するとエイブリーは少し黙っていた後、ポツリポツリと喋りだした。
「ーーー私、今まで人間をすごく嫌っていました。恨んでいました。家族の、エルフの仇ですし・・・」
「・・・」
エイブリーが真剣に話し始めたので俺は黙って話を聞く事にした。
「けど、神様にこの世界に連れてきてもらって、分かったんです。確かに、この世界は私のいた世界と比べれば平和です。けれど、この世界にはこの世界の危険がありました」
「・・・そうだね」
「私は一瞬こう思いました。『どの世界の人間も、危険だ』って。私はどの世界に逃げても、人間に襲われると。そう考えました」
「でも、今目の前にいる『生明 圭太郎さん』は優しかったんです。初めて、人間が私に優しくしてくれたんです。そして、人間から・・・圭太郎さんから、『エルフと変わらない優しさ』を感じました」
「エイブリー・・・」
「だから、私ーーー決めたんです。例えこの世界の人間がみんな私の敵だったとしても、この人だけは・・・圭太郎さんだけは信じてみようって」
エイブリーの言葉につっかかりが出始めて、先程までとは様子が違うようだ。床に寝ていた俺は自然と布団を這い出て起き上がった。

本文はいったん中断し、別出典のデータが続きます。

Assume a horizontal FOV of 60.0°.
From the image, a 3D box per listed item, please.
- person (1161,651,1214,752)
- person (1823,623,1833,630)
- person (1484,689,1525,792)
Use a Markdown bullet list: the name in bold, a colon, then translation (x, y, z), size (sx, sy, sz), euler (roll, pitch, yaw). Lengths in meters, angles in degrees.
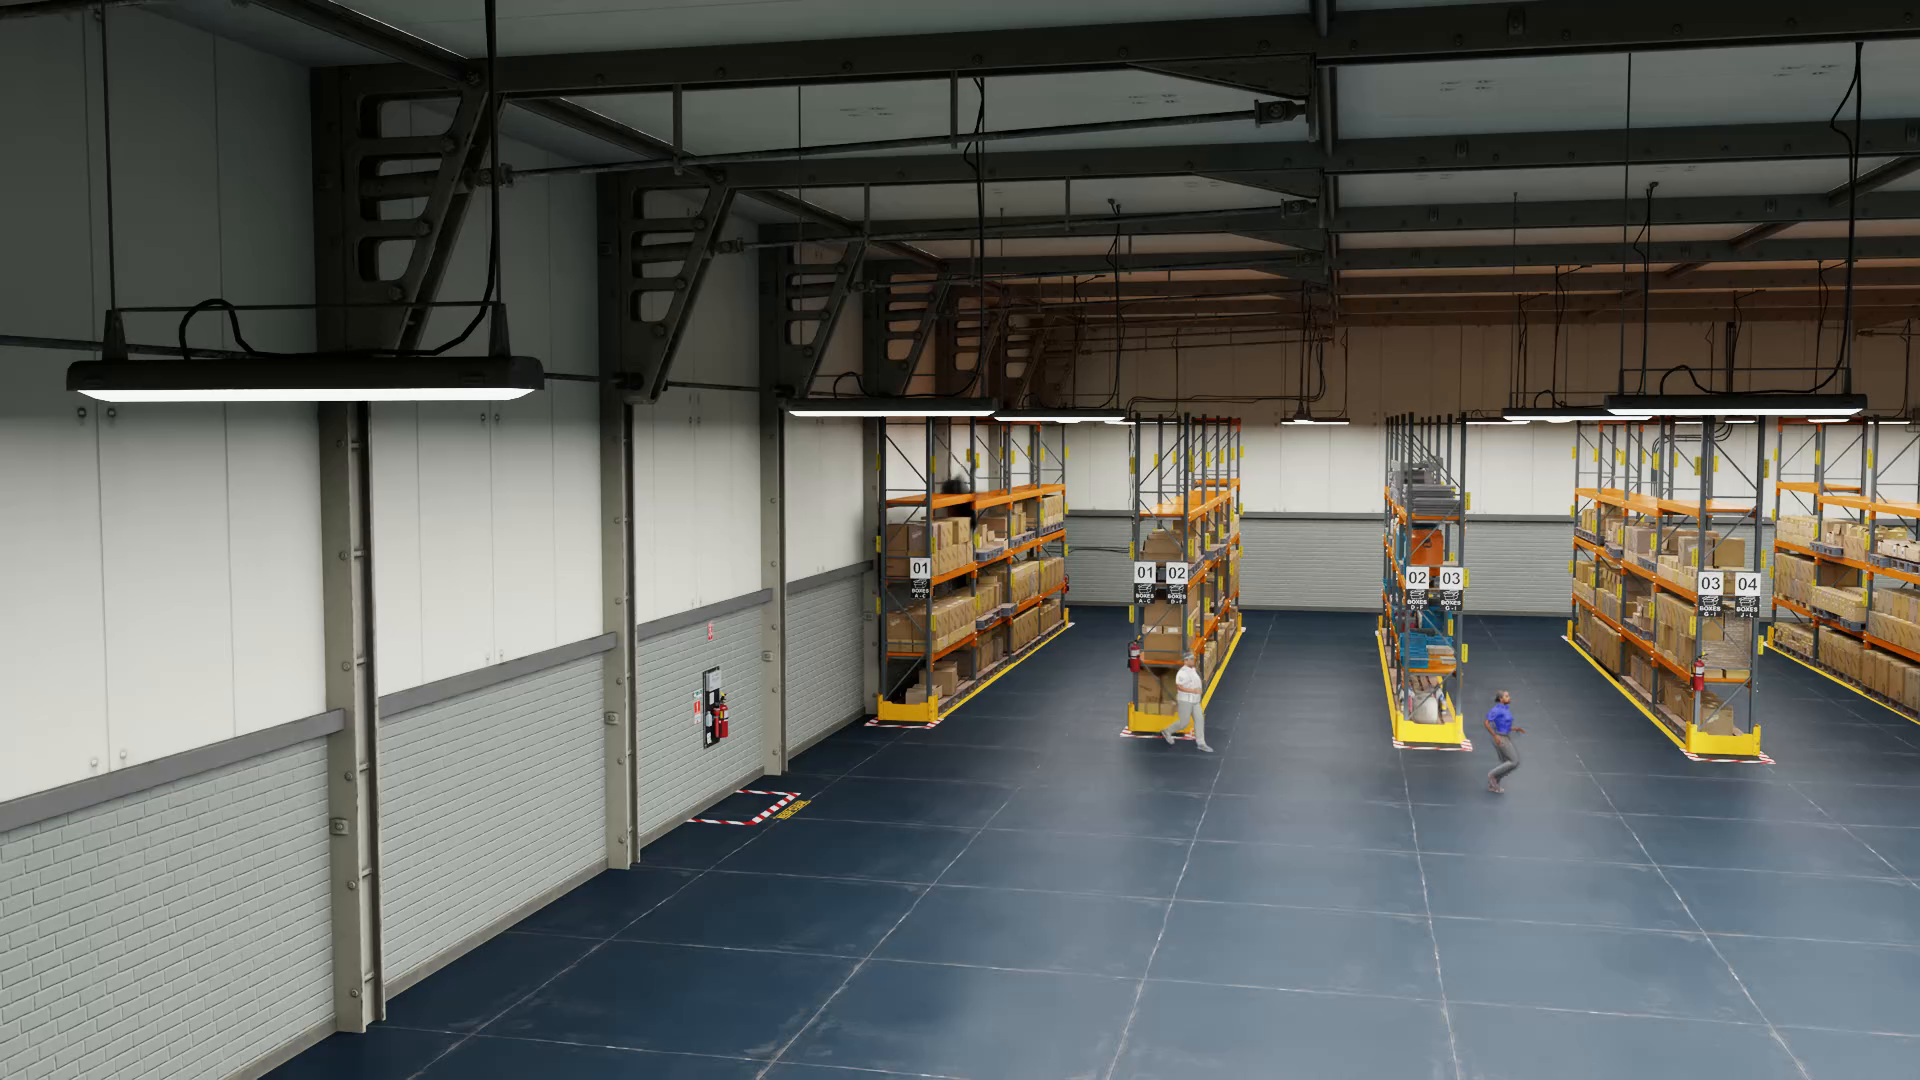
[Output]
- **person**: translation (4.038, 2.837, 29.416), size (0.970, 1.771, 0.675), euler (3, 5, 38)
- **person**: translation (23.106, 1.938, 43.919), size (0.641, 1.663, 0.674), euler (-1, 4, -17)
- **person**: translation (8.539, 3.148, 25.997), size (0.564, 1.613, 0.560), euler (2, 5, 32)
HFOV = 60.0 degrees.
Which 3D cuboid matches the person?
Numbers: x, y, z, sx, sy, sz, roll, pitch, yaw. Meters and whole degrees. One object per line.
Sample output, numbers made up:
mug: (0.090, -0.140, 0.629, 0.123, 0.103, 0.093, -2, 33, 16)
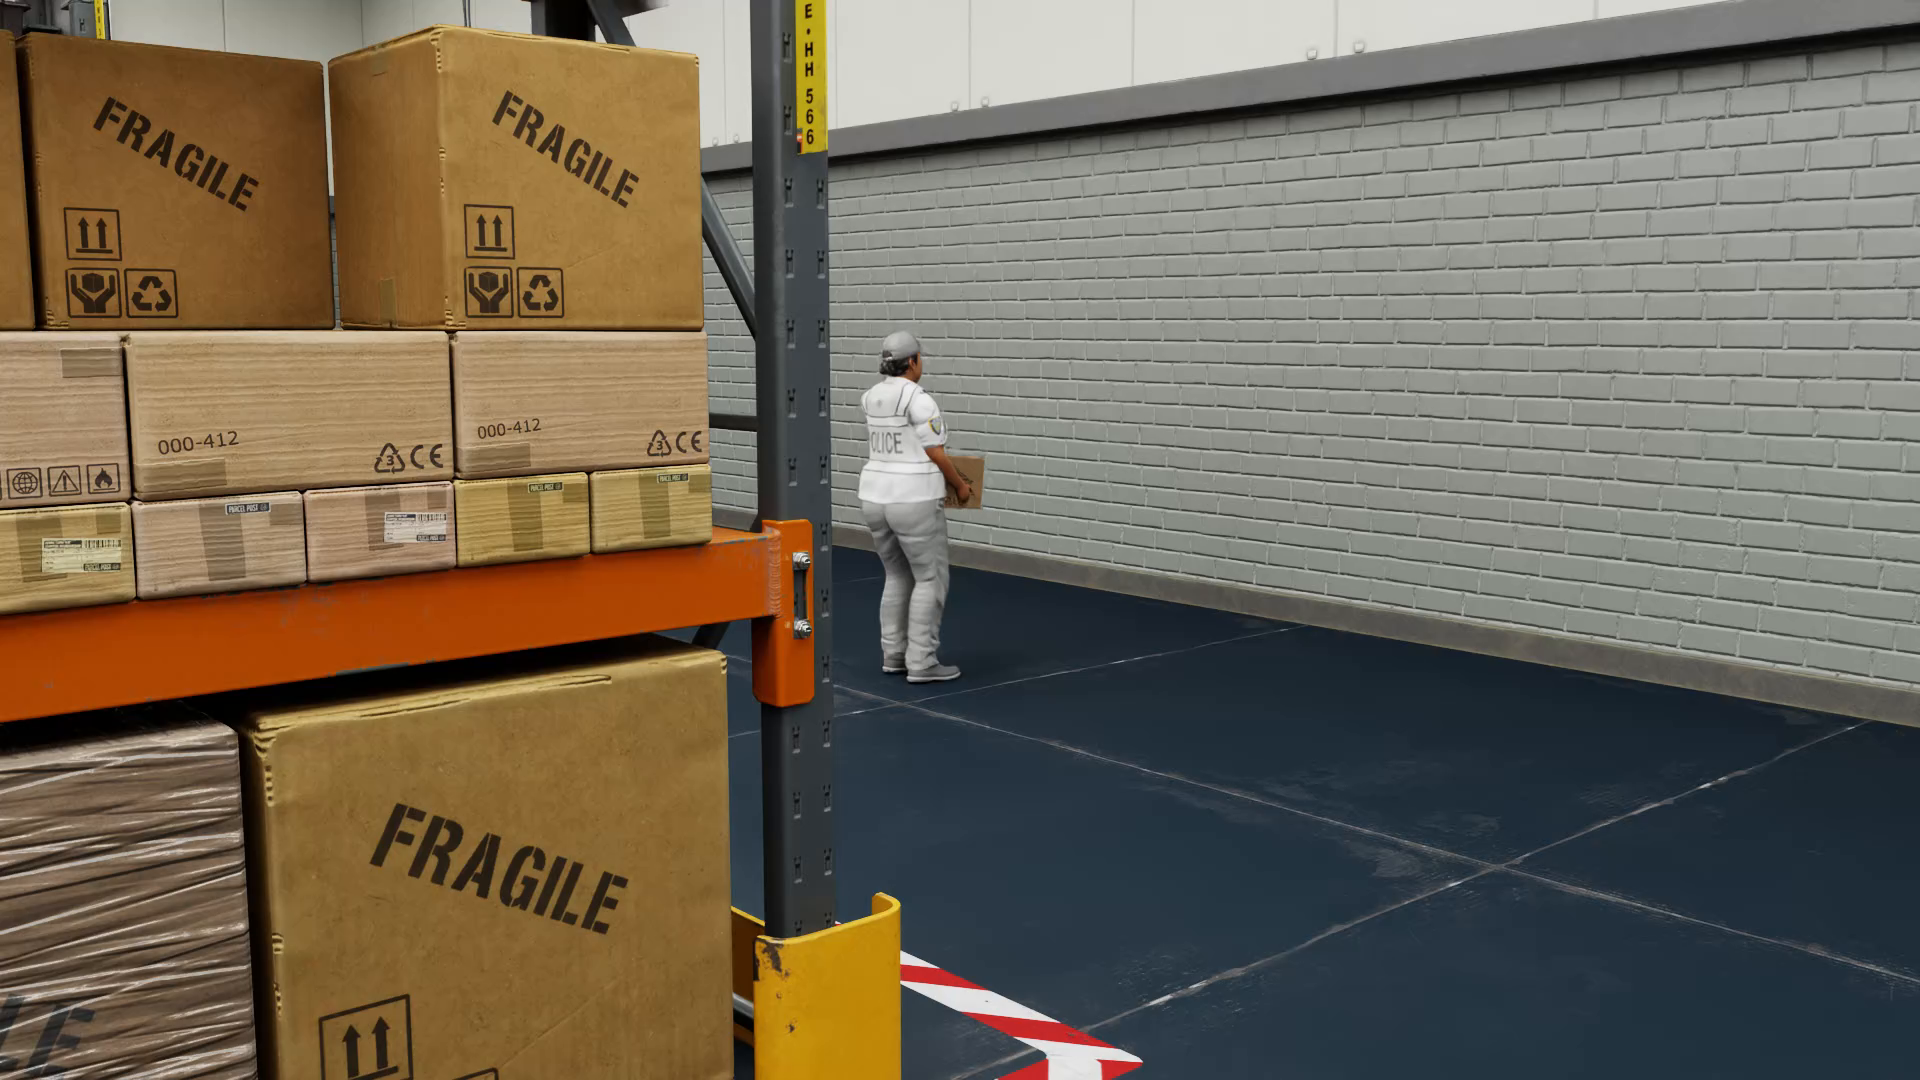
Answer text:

「もう私には・・・信じられる人がーーー圭太郎さんしか、いないからっ・・・!」
大粒の涙で枕を濡らし、しゃっくりで上手く喋れない中エイブリーは必死に自分の言葉を紡いでいるようだった。
「エイブリー、俺、凄く嬉しいよ。エイブリーにそう言ってもらえて。口下手だから上手く言えないけど・・・俺は絶対にエイブリーを裏切ったりしない。どんな時でも、必ず君を助ける。だからこれからは、もっと俺を頼ってくれ。いつだって、君の期待に応えてみせるから・・・」
そう言ってエイブリーの頭に手を乗せると、彼女は初めて俺の目の前で声を上げて泣いた。小さい子供が親にすがる様に、延々と、ただひたすらに泣き続けた。
しばらくしてエイブリーは泣き止み、俺もあくびを我慢できなくなってきた。
「今日はもう遅い、寝よう」
エイブリーを離してベッドに寝かせ、俺も床に敷いた布団で眠りにつこうとする。が、服を引っ張られた。
「一緒に・・・寝てくれませんか?」
「え、いや、このベッド、シングルベッドだし・・・」
振り返ってエイブリーを見た瞬間、衝撃が体を突き抜ける。彼女は涙で潤んだ瞳でこちらを見つめていた。しかも上目使いで。意識してやっているわけではないのだろうが、天然物の上目使いは俺を折れさせるのに十分すぎる程の武器であった。
「・・・分かったよ。俺が壁側に寝るから」
「・・・はい」
その言葉を最後に喋らなくなったエイブリーは、俺の服を掴んで離さなかった。
(あああああぁぁぁぁぁ今になってめちゃくちゃ(現代日本語では表現不可)恥ずか死ぬるぅぅぅ!!)
後に俺の忘れられない記憶になるのは言うまでもない。
ーーー良い意味でも、悪い意味でも。